**What the exercise asks**
Restate each line below word for word, skipping every picture.

(Record excerpts)

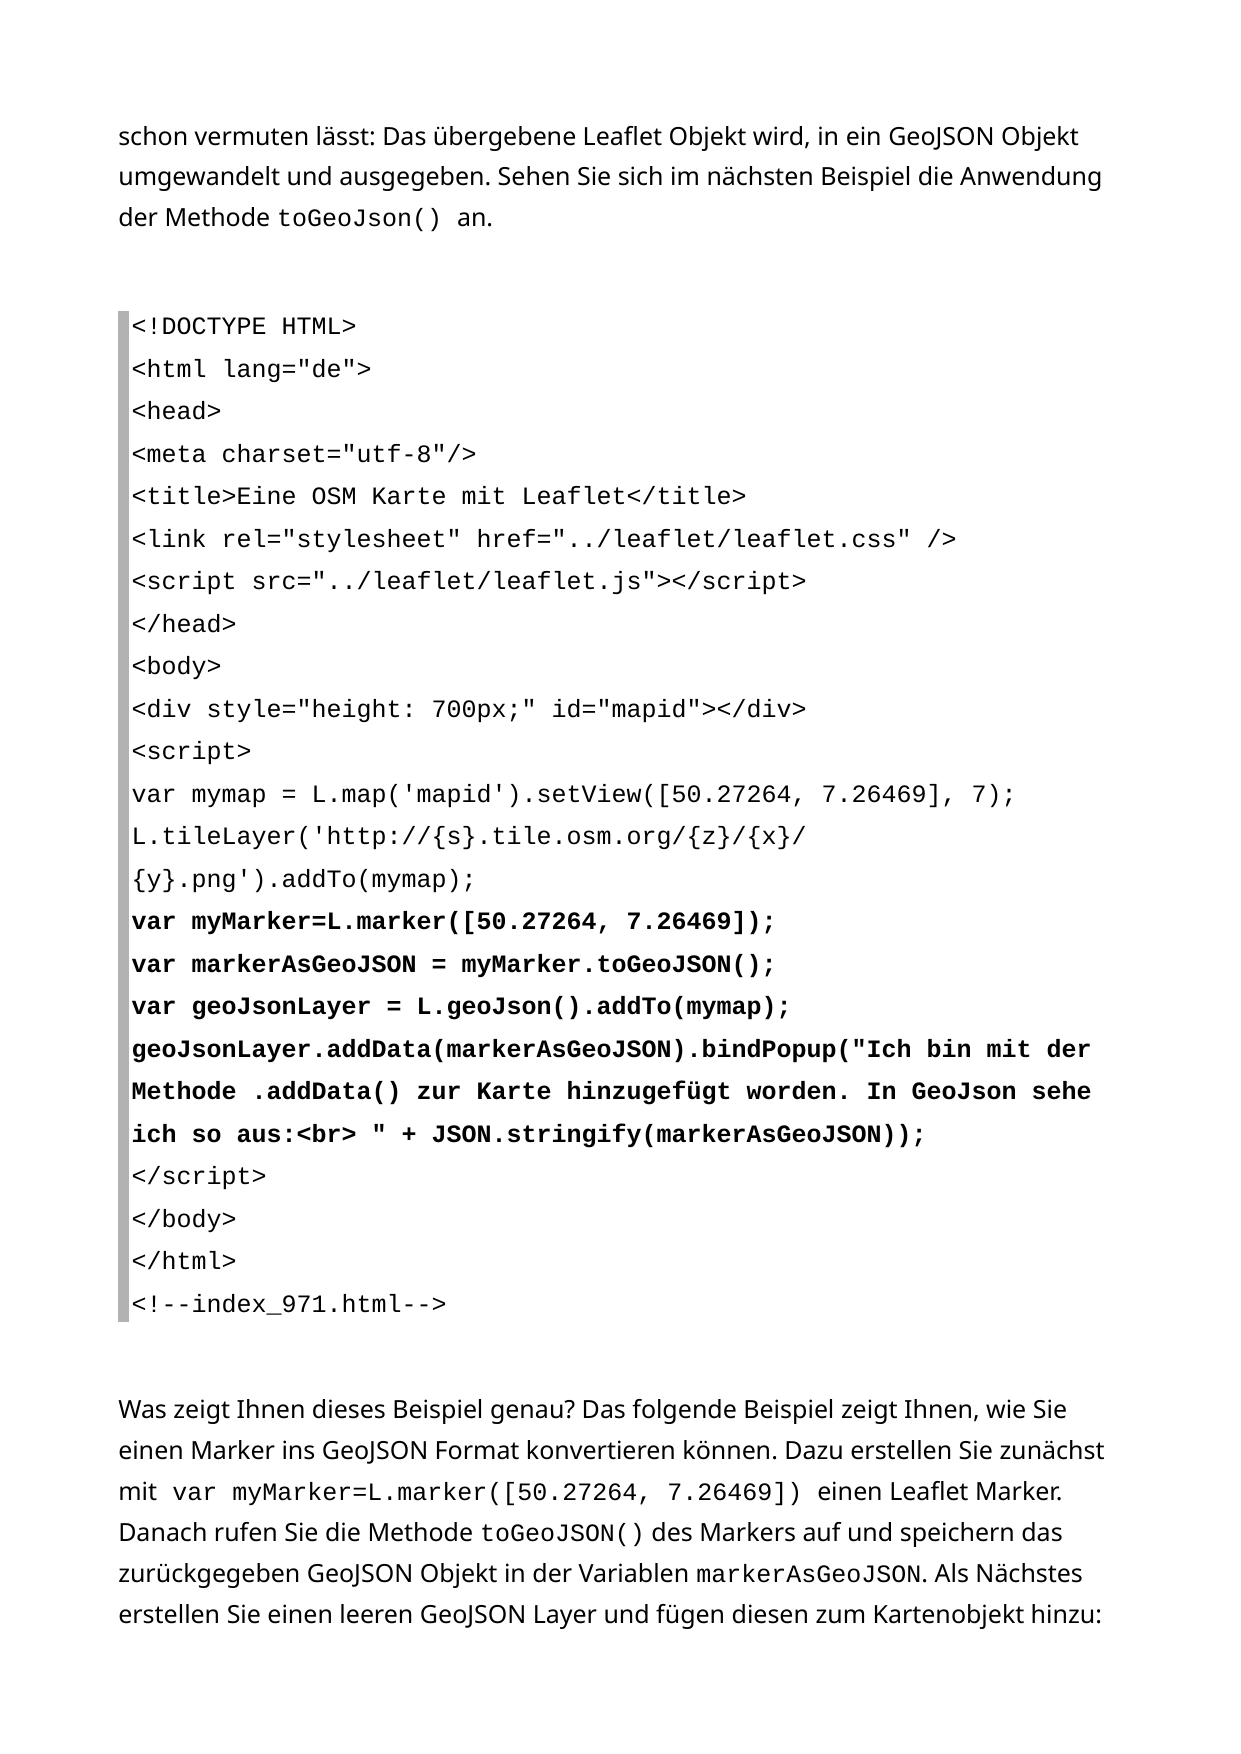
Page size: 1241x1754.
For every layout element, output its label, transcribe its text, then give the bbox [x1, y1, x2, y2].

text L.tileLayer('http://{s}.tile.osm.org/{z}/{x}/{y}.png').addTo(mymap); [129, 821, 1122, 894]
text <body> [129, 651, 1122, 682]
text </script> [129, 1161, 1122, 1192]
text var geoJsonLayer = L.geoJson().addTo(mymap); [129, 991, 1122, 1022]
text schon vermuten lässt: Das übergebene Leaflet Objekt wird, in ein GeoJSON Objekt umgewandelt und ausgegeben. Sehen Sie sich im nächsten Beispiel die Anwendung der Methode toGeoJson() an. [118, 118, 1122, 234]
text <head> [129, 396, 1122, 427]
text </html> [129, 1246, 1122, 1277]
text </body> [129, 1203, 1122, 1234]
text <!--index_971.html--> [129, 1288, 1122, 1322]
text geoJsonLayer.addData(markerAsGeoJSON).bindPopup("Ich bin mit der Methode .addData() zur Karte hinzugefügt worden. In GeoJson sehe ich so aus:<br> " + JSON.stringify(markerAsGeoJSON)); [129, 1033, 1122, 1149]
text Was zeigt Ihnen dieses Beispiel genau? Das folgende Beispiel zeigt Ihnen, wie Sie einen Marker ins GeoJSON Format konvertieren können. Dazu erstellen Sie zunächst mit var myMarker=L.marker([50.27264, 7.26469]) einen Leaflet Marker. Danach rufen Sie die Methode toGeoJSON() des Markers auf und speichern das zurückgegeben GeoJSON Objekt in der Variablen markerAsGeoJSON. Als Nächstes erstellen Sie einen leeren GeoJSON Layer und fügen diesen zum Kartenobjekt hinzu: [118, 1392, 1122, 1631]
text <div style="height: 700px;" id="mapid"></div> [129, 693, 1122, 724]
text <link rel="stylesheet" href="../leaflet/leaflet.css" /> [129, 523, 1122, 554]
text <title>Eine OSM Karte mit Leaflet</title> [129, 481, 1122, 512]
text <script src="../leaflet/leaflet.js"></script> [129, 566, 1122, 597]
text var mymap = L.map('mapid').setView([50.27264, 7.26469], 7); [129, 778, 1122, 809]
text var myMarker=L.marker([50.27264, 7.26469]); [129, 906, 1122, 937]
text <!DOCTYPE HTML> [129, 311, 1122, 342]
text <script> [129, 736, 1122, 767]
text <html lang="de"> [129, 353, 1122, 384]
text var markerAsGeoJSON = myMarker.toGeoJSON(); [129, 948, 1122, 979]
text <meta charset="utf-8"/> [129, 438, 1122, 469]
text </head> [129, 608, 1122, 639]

(End Record excerpts)

**Answer space**
Page size: 1241x1754.
For every layout element, output its label, transcribe its text, then give the bbox [x1, y1, x2, y2].

text L.tileLayer('http://{s}.tile.osm.org/{z}/{x}/{y}.png').addTo(mymap); [129, 821, 1122, 894]
text <body> [129, 651, 1122, 682]
text </script> [129, 1161, 1122, 1192]
text var geoJsonLayer = L.geoJson().addTo(mymap); [129, 991, 1122, 1022]
text schon vermuten lässt: Das übergebene Leaflet Objekt wird, in ein GeoJSON Objekt umgewandelt und ausgegeben. Sehen Sie sich im nächsten Beispiel die Anwendung der Methode toGeoJson() an. [118, 118, 1122, 234]
text <head> [129, 396, 1122, 427]
text </html> [129, 1246, 1122, 1277]
text </body> [129, 1203, 1122, 1234]
text <!--index_971.html--> [129, 1288, 1122, 1322]
text geoJsonLayer.addData(markerAsGeoJSON).bindPopup("Ich bin mit der Methode .addData() zur Karte hinzugefügt worden. In GeoJson sehe ich so aus:<br> " + JSON.stringify(markerAsGeoJSON)); [129, 1033, 1122, 1149]
text Was zeigt Ihnen dieses Beispiel genau? Das folgende Beispiel zeigt Ihnen, wie Sie einen Marker ins GeoJSON Format konvertieren können. Dazu erstellen Sie zunächst mit var myMarker=L.marker([50.27264, 7.26469]) einen Leaflet Marker. Danach rufen Sie die Methode toGeoJSON() des Markers auf und speichern das zurückgegeben GeoJSON Objekt in der Variablen markerAsGeoJSON. Als Nächstes erstellen Sie einen leeren GeoJSON Layer und fügen diesen zum Kartenobjekt hinzu: [118, 1392, 1122, 1631]
text <div style="height: 700px;" id="mapid"></div> [129, 693, 1122, 724]
text <link rel="stylesheet" href="../leaflet/leaflet.css" /> [129, 523, 1122, 554]
text <title>Eine OSM Karte mit Leaflet</title> [129, 481, 1122, 512]
text <script src="../leaflet/leaflet.js"></script> [129, 566, 1122, 597]
text var mymap = L.map('mapid').setView([50.27264, 7.26469], 7); [129, 778, 1122, 809]
text var myMarker=L.marker([50.27264, 7.26469]); [129, 906, 1122, 937]
text <!DOCTYPE HTML> [129, 311, 1122, 342]
text <script> [129, 736, 1122, 767]
text <html lang="de"> [129, 353, 1122, 384]
text var markerAsGeoJSON = myMarker.toGeoJSON(); [129, 948, 1122, 979]
text <meta charset="utf-8"/> [129, 438, 1122, 469]
text </head> [129, 608, 1122, 639]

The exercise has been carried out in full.